Afiliada do EI no Egito assume autoria de atentato no Cairo

Ataque com carro-bomba ao quartel das Forças de Segurança Nacional deixou 29 feridos; explosão foi sentida em toda a cidade

O Estado de S. Paulo

20 de agosto de 2015 | 08h34

CAIRO - O ramo egípcio do grupo terrorista Estado Islâmico (EI) assumiu nesta quinta-feira, 20, a autoria do atentado com carro-bomba contra o quartel das Forças da Segurança Nacional no bairro de Shubra El-Kheima, no Cairo, que deixou 29 feridos.

Um comunicado divulgado nas redes sociais, cuja autenticidade não pode ser comprovada, afirmou que os "soldados do califado" atentaram contra a sede de segurança.
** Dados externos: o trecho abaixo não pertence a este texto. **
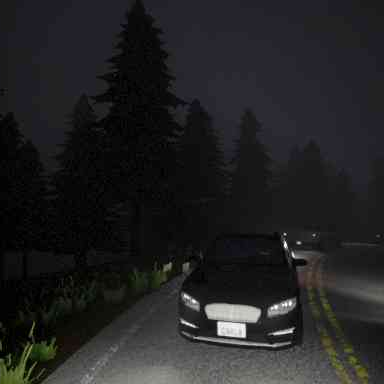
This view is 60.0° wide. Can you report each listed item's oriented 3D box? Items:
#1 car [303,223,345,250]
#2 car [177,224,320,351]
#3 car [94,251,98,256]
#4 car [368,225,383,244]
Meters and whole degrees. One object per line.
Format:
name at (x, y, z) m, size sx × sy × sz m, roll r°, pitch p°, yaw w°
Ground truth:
car at (6.564, 2.315, 17.799) m, size 1.895 × 1.301 × 4.718 m, roll -3°, pitch -6°, yaw 39°
car at (1.139, 1.562, 6.640) m, size 2.128 × 1.511 × 4.902 m, roll -1°, pitch -2°, yaw 15°
car at (-20.225, 13.651, 73.019) m, size 4.181 × 1.381 × 1.994 m, roll -2°, pitch -5°, yaw 31°
car at (16.933, 3.377, 27.079) m, size 5.566 × 2.045 × 2.150 m, roll 8°, pitch -7°, yaw -26°

Horas antes, um grupo desconhecido também havia reivindicado o ataque, criando certa confusão.

A afiliada do EI alegou que a operação foi uma ação de vingança por "todos os mártires muçulmanos", em particular pelos seis membros do grupo extremista que foram executados em maio após serem condenados por um tribunal militar por atacarem soldados e policiais. O caso ficou conhecido como "Arab Sharkas".

"Para que saibam os apóstatas de Interior e do Exército que nós não esquecemos nossa vingança e nos comprometemos diante de Deus a não descansar enquanto houver em suas mãos um prisioneiro", advertiu a nota.
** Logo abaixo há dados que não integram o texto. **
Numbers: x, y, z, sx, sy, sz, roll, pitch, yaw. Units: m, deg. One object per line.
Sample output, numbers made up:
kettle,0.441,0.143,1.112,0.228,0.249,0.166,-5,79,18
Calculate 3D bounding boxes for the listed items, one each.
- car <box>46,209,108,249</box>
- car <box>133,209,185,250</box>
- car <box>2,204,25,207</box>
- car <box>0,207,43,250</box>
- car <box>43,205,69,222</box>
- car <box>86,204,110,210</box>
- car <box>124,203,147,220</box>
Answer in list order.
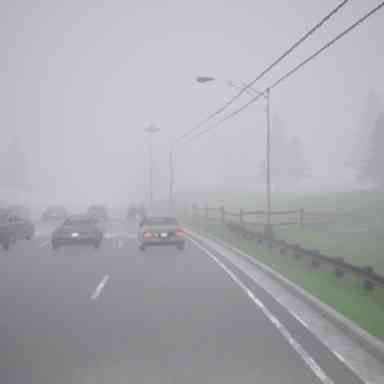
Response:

O grupo ameaçou perpetrar mais ações terroristas e ressaltou que atacará "todos que tem as mãos manchadas com sangue dos muçulmanos e dos mujahedins".

A reivindicação se soma a que foi realizada por um grupo, até agora desconhecido, chamado "Al Kutla al Sauda" (Bloco Negro), que revelou que continuará a agir se os detidos sem acusações no Egito não forem libertados.
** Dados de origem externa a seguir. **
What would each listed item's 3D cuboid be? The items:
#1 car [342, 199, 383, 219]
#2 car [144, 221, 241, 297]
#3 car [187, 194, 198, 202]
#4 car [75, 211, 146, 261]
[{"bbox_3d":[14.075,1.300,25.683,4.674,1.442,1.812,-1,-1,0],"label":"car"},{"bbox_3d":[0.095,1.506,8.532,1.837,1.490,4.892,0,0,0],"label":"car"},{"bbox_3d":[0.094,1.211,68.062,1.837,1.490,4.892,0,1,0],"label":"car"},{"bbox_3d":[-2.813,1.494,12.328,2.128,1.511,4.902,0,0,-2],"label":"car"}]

Segurança. Autoridades decretaram hoje estado de alerta e reforçaram a segurança nas proximidades dos edifícios governamentais e policiais do bairro onde ocorreu o atentado. O general Said Shalabi, diretor de segurança da província de Qaliubiya, que abrange o bairro onde ocorreu o ataque, explicou que a proteção em todas as delegacias de polícia foi intensificada.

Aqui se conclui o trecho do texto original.